Lee Smolin: The Trouble with Physics, p44: a description of non-background-dependent descriptions. “We no longer have fields moving in a fixed-background geometry. We have a bunch of fields all interacting with one another, all dynamical, all influencing one another…”
Personality generated the same way, as a product of all the interacting systems of a body. Even the context, which seems like a fixed frame, is a process & part of the process. Personality a constantly shifting product of these processes & interactions. Every process is responding to every other one via “rules of engagement” that only apply to that type of transaction. No station-master is needed—or could be developed—to oversee the process. When was the last time you gave an instruction to your liver ? A liver cell knows nothing but how to be a liver cell; its “knowledge” of being a liver cell consists in operating. It never gets instructions from above, from a unifying regulator.
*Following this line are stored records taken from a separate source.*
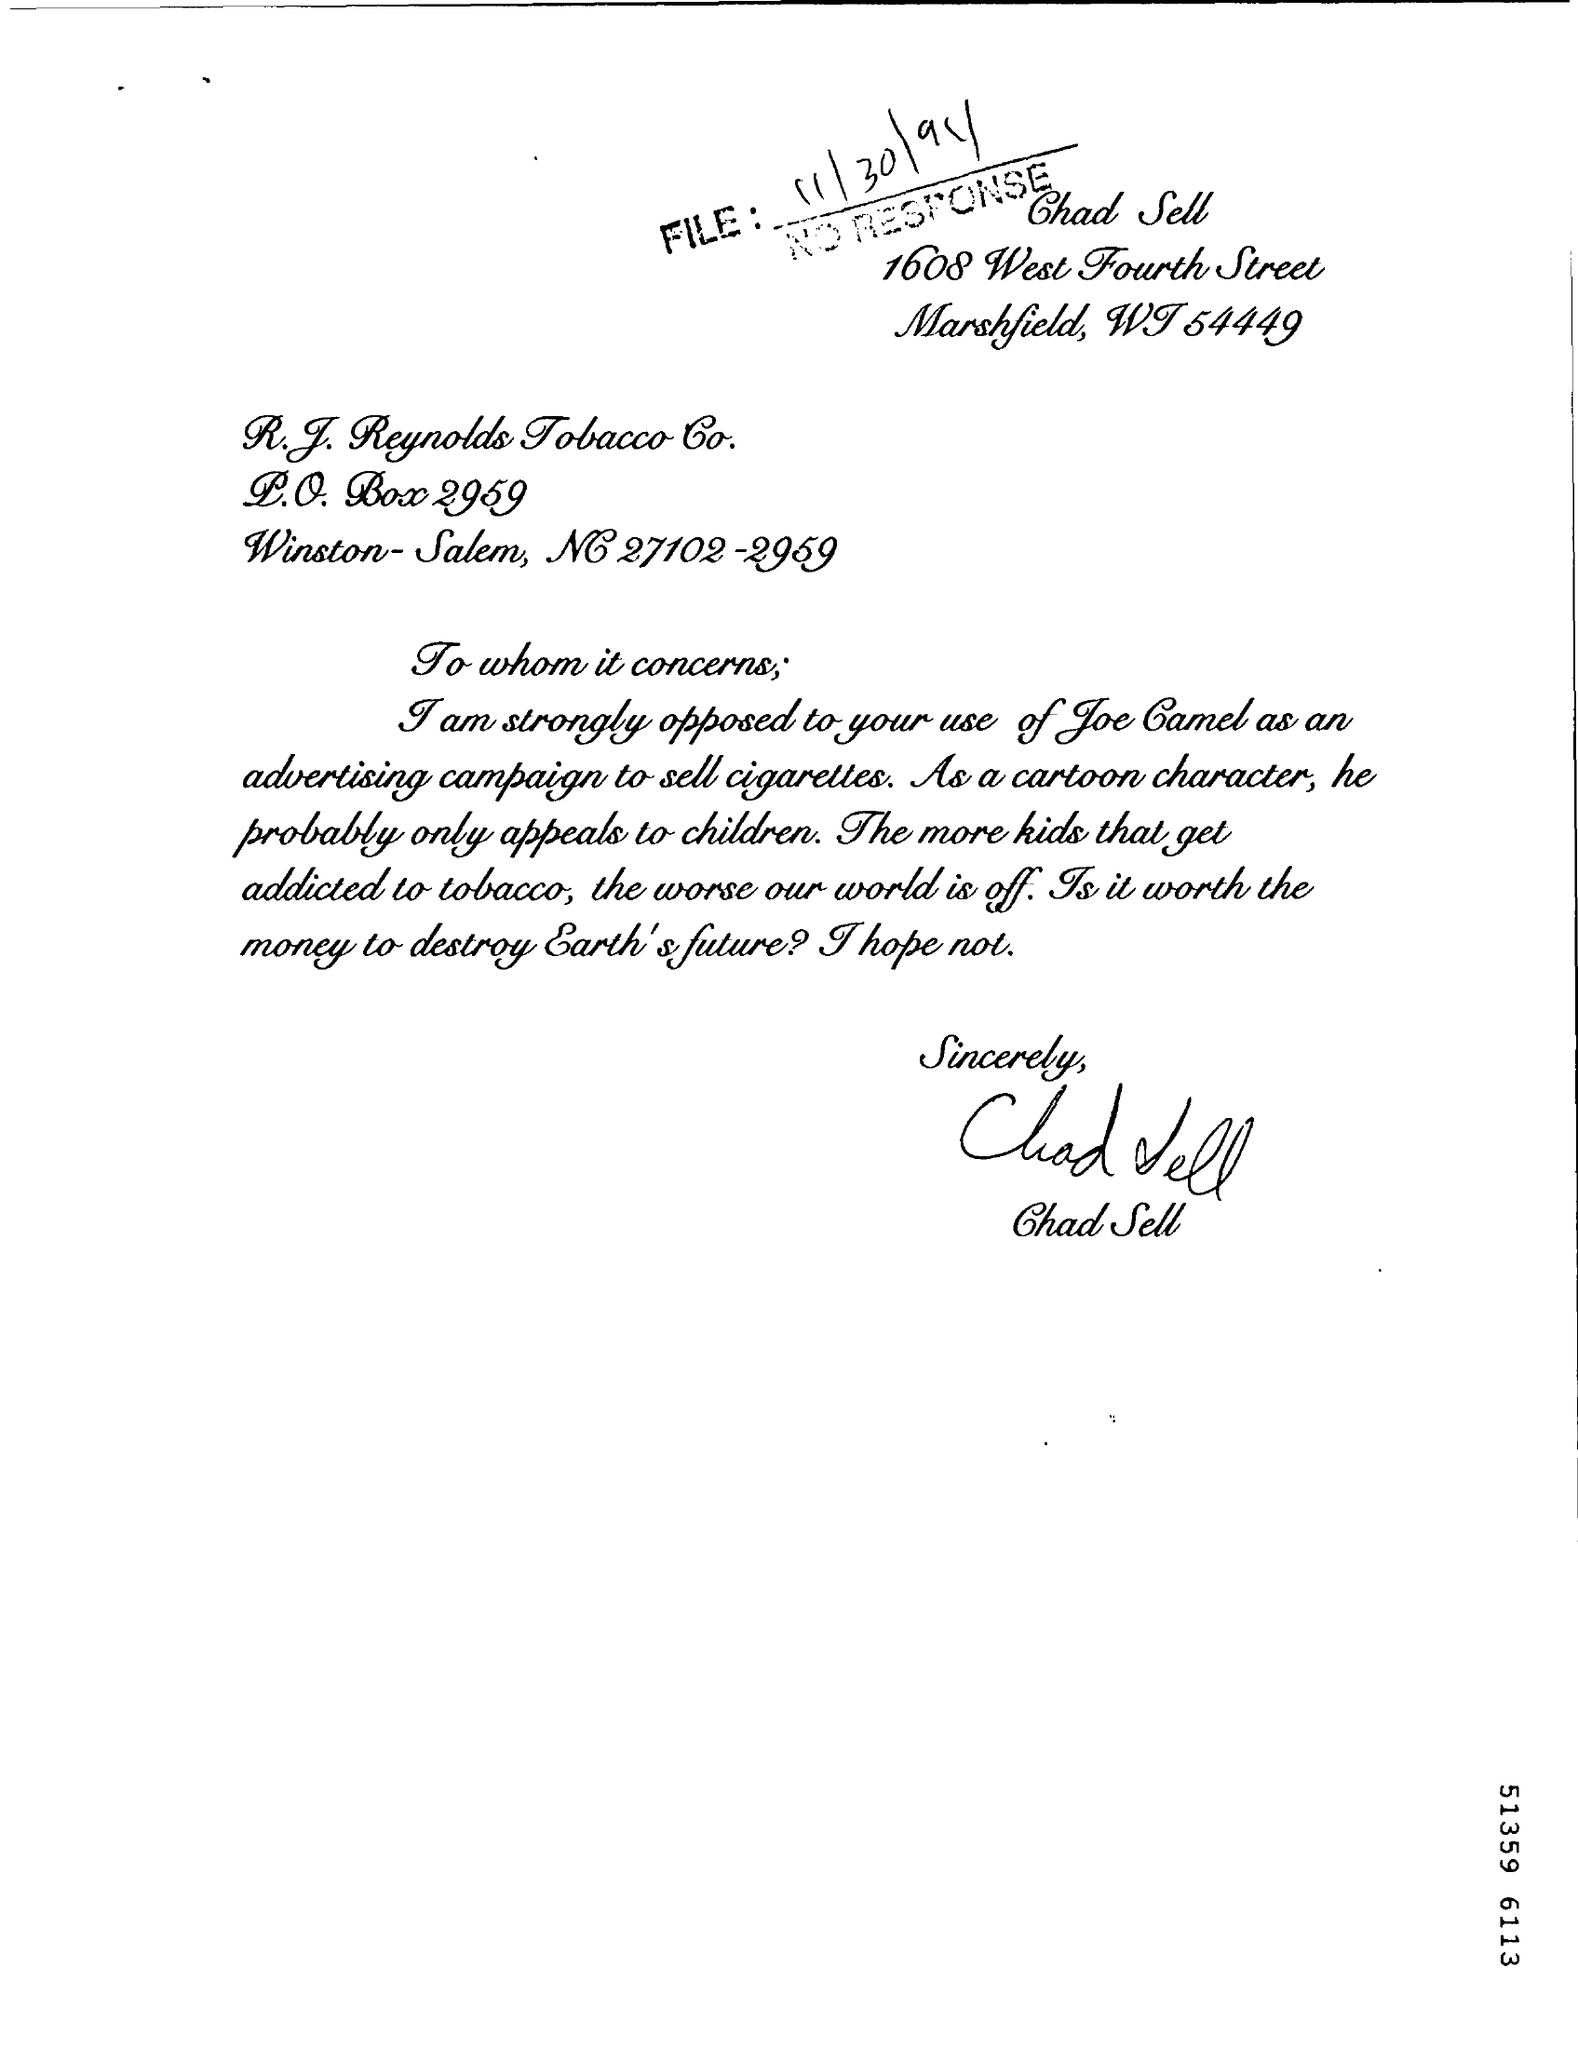Who is the author of this letter?
Ensure brevity in your answer.  Chad Sell. Which city does the author live in?
Your answer should be very brief. Marshfield. 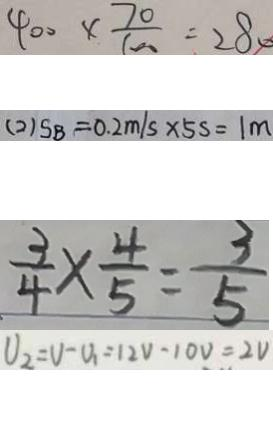Convert formula to latex. <formula><loc_0><loc_0><loc_500><loc_500>4 0 0 \times \frac { 7 0 } { 1 0 0 } = 2 8 0 
 ( 2 ) S B = 0 . 2 m / s \times 5 s = 1 m 
 \frac { 3 } { 4 } \times \frac { 4 } { 5 } = \frac { 3 } { 5 } 
 U _ { 2 } = V - U _ { 1 } = 1 2 V - 1 0 V = 2 V</formula> 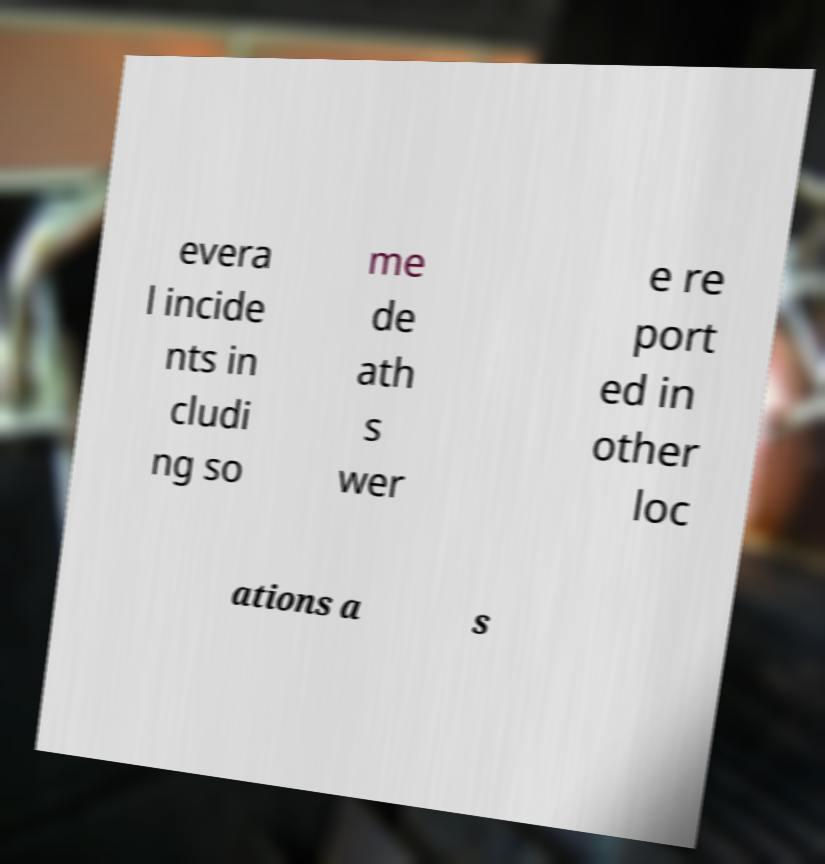Please identify and transcribe the text found in this image. evera l incide nts in cludi ng so me de ath s wer e re port ed in other loc ations a s 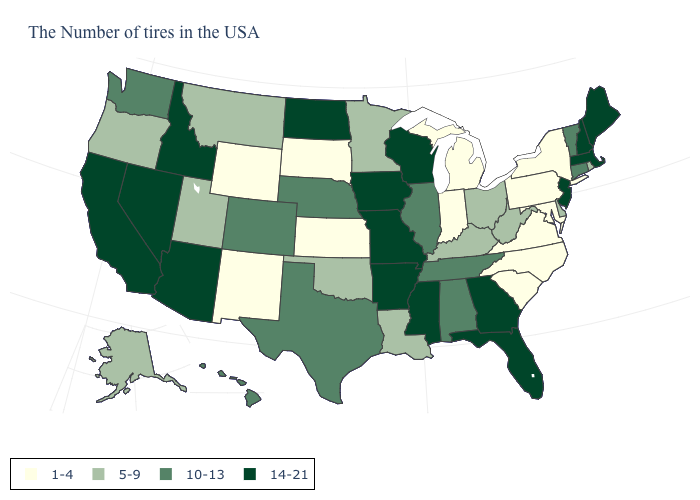Among the states that border South Carolina , does North Carolina have the highest value?
Write a very short answer. No. What is the value of New York?
Be succinct. 1-4. Name the states that have a value in the range 5-9?
Concise answer only. Rhode Island, Delaware, West Virginia, Ohio, Kentucky, Louisiana, Minnesota, Oklahoma, Utah, Montana, Oregon, Alaska. Does the first symbol in the legend represent the smallest category?
Keep it brief. Yes. Does New Jersey have the highest value in the Northeast?
Give a very brief answer. Yes. Name the states that have a value in the range 14-21?
Short answer required. Maine, Massachusetts, New Hampshire, New Jersey, Florida, Georgia, Wisconsin, Mississippi, Missouri, Arkansas, Iowa, North Dakota, Arizona, Idaho, Nevada, California. Name the states that have a value in the range 5-9?
Keep it brief. Rhode Island, Delaware, West Virginia, Ohio, Kentucky, Louisiana, Minnesota, Oklahoma, Utah, Montana, Oregon, Alaska. Does Oregon have a higher value than New York?
Be succinct. Yes. What is the lowest value in the USA?
Short answer required. 1-4. Name the states that have a value in the range 1-4?
Write a very short answer. New York, Maryland, Pennsylvania, Virginia, North Carolina, South Carolina, Michigan, Indiana, Kansas, South Dakota, Wyoming, New Mexico. What is the lowest value in states that border Maine?
Be succinct. 14-21. Name the states that have a value in the range 5-9?
Give a very brief answer. Rhode Island, Delaware, West Virginia, Ohio, Kentucky, Louisiana, Minnesota, Oklahoma, Utah, Montana, Oregon, Alaska. Does the map have missing data?
Be succinct. No. Does the map have missing data?
Quick response, please. No. What is the lowest value in states that border Louisiana?
Give a very brief answer. 10-13.

It reacts to inputs in ways determined by its own rules. “You” is the second-by-second product of a billion decisions taken second-by-second by thousands of totally autonomous systems. “You” stacks up; it accretes, or agglomerates–but it also falls down and changes and shifts evanescently moment by moment. “You” is a by-product, an artefact of all those processes. You don’t like to be told that. It’s offensive. But once you understand it you understand the evanescence and undependability of a conscious personality.
This character took the decision to bury his early hopes under the weight of overexpectation & consequent disappointment then repressed the horror of that as quickly as possible. The effect was of stuffing a live part of himself into a box & shutting the lid. Each time he accomplished the manoeuvre there was less of himself to stuff in. The job seemed easier–was easier in some way–yet the amount of effort he had to put into the procedure increased. More energy needed to be redirected each time to make sure he didn’t hear his own calls for help.
“If you watch enough art,” Melody says, “you will always leave your umbrella in the coat check.” She’s spent the morning in the museum with her friend. She also says, “I wish I’d kept those old clothes. I’ve lost enough weight to get back into them now.” They study the map of the museum gardens, which, with its simple arterial branchings and lobed outline, resembles disturbingly the diagram of an internal organ. “Do you know,” says Melody’s friend, looking around: “I never realised the power of white!”